WORK ORDER:
Scan the entries below for the string "each" and copy every line where it turns up.

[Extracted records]
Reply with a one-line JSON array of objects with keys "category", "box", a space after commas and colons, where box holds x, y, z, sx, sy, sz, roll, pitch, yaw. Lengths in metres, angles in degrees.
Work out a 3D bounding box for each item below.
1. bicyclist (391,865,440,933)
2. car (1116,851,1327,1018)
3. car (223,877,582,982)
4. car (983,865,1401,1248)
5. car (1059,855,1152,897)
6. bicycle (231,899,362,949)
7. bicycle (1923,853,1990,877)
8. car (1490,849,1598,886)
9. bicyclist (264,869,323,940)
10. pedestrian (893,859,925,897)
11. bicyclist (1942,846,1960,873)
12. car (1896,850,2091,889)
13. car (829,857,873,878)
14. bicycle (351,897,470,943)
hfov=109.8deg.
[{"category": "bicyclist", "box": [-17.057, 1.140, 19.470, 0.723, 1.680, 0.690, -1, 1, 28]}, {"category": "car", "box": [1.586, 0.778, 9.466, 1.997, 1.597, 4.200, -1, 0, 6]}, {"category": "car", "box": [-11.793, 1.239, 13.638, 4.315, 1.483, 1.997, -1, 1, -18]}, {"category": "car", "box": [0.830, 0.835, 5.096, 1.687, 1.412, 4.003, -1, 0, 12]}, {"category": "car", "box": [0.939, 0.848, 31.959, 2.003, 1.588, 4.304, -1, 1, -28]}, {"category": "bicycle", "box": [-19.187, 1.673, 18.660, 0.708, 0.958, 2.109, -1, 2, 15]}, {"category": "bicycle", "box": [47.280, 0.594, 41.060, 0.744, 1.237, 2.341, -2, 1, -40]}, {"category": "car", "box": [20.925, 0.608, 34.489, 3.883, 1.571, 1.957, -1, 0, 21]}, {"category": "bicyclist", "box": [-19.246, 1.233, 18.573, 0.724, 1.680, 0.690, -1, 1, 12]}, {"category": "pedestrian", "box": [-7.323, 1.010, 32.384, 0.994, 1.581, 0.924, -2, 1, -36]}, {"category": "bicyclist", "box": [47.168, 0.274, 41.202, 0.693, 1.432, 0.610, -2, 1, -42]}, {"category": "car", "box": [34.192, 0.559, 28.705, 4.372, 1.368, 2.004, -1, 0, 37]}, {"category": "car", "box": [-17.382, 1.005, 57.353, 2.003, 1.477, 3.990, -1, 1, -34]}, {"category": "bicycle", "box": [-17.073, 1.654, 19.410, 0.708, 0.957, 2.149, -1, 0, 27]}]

--

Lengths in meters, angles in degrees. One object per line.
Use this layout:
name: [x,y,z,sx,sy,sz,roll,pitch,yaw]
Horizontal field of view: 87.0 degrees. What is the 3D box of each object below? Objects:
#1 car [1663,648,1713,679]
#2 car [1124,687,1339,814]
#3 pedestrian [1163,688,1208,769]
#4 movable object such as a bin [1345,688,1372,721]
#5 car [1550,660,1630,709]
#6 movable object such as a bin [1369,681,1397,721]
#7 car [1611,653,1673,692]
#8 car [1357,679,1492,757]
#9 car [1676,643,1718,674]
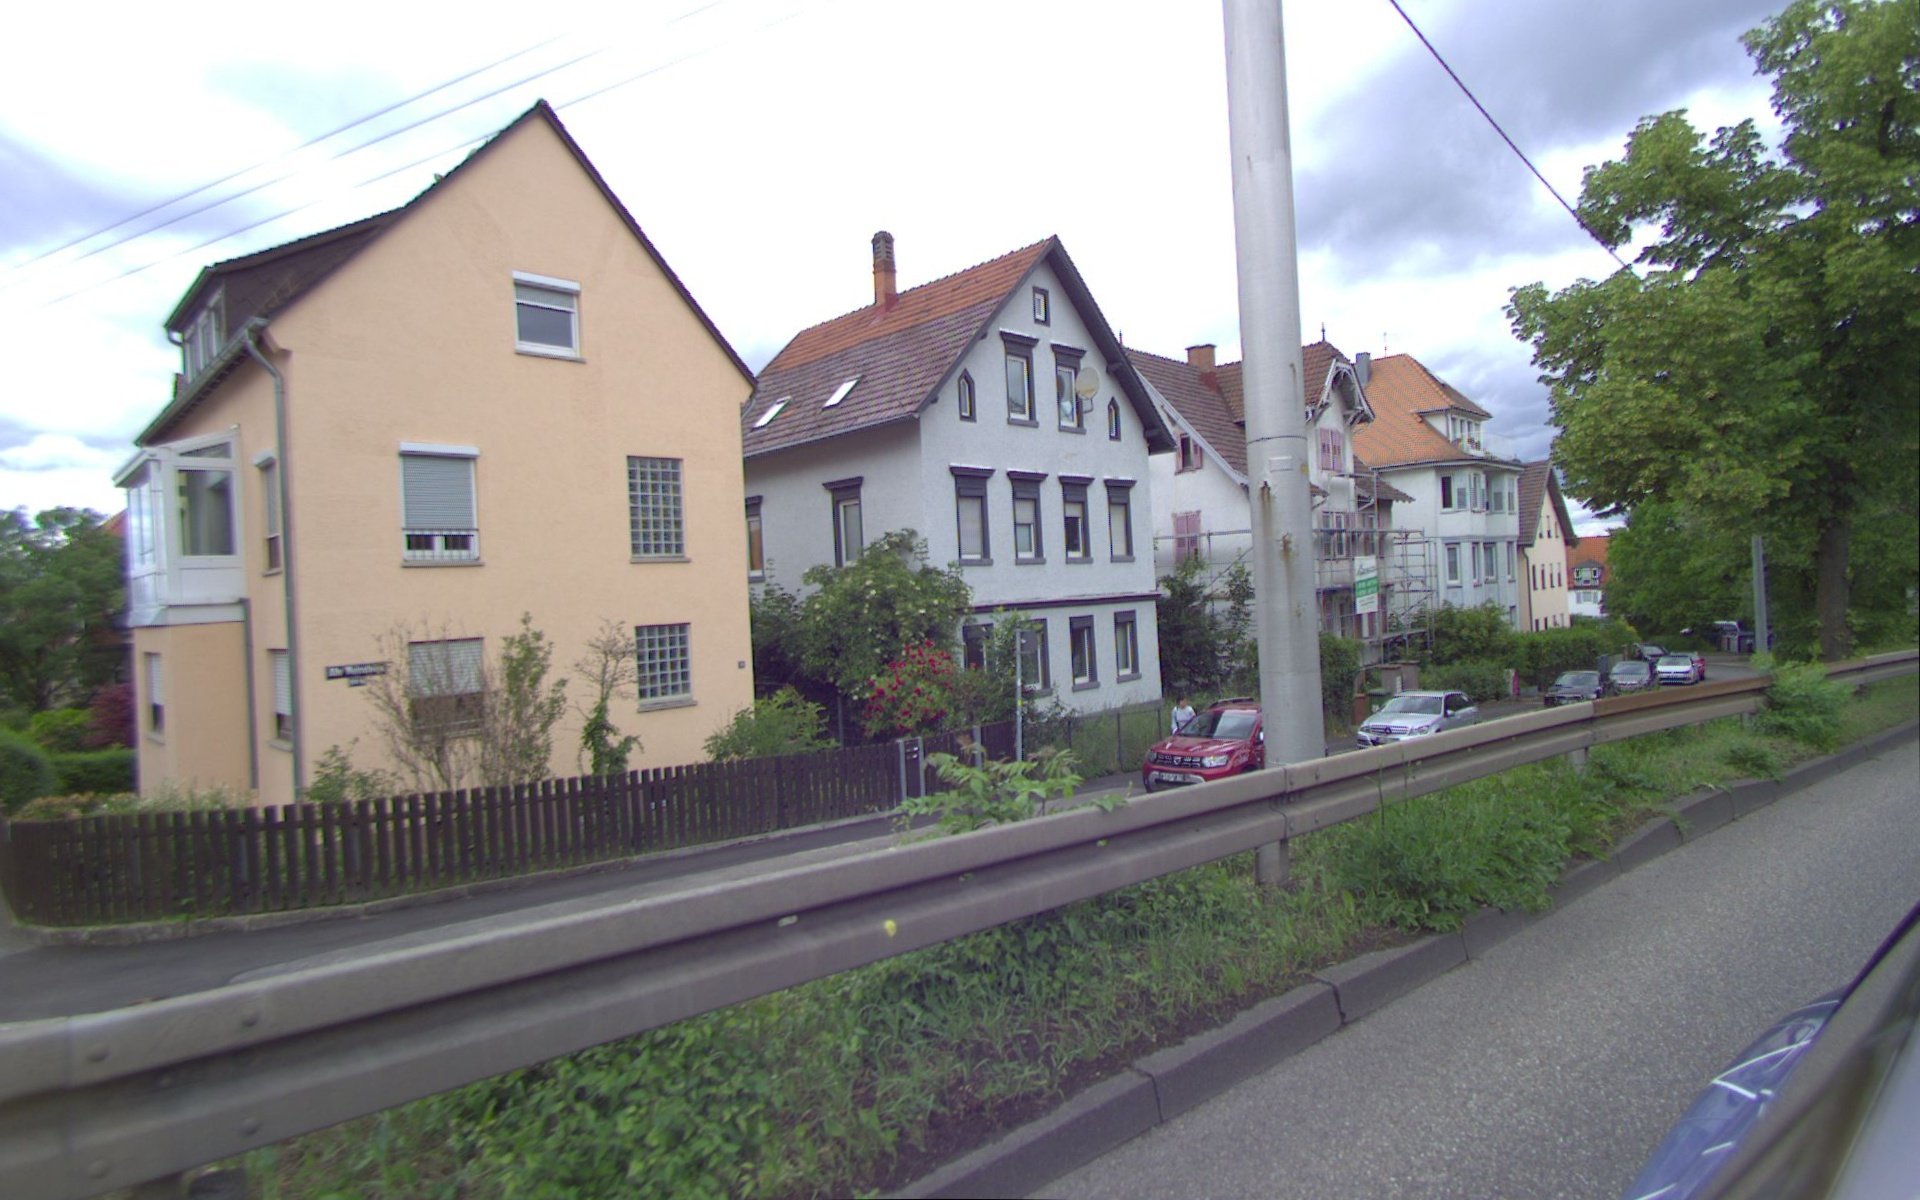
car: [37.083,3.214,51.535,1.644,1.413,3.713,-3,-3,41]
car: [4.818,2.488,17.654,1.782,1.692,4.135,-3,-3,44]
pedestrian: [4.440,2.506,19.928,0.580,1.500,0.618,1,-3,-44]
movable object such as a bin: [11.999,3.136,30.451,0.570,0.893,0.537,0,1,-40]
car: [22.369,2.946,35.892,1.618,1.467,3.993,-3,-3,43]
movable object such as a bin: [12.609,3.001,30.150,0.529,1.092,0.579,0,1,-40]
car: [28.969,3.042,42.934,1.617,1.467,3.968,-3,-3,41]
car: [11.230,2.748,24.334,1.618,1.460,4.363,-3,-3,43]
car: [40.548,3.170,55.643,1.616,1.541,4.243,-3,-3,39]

ANSWER SPACE:
Work out a 3D bounding box for each item below.
Horizontal field of view: 87.0 degrees. What is the 3D box of each object below? Objects:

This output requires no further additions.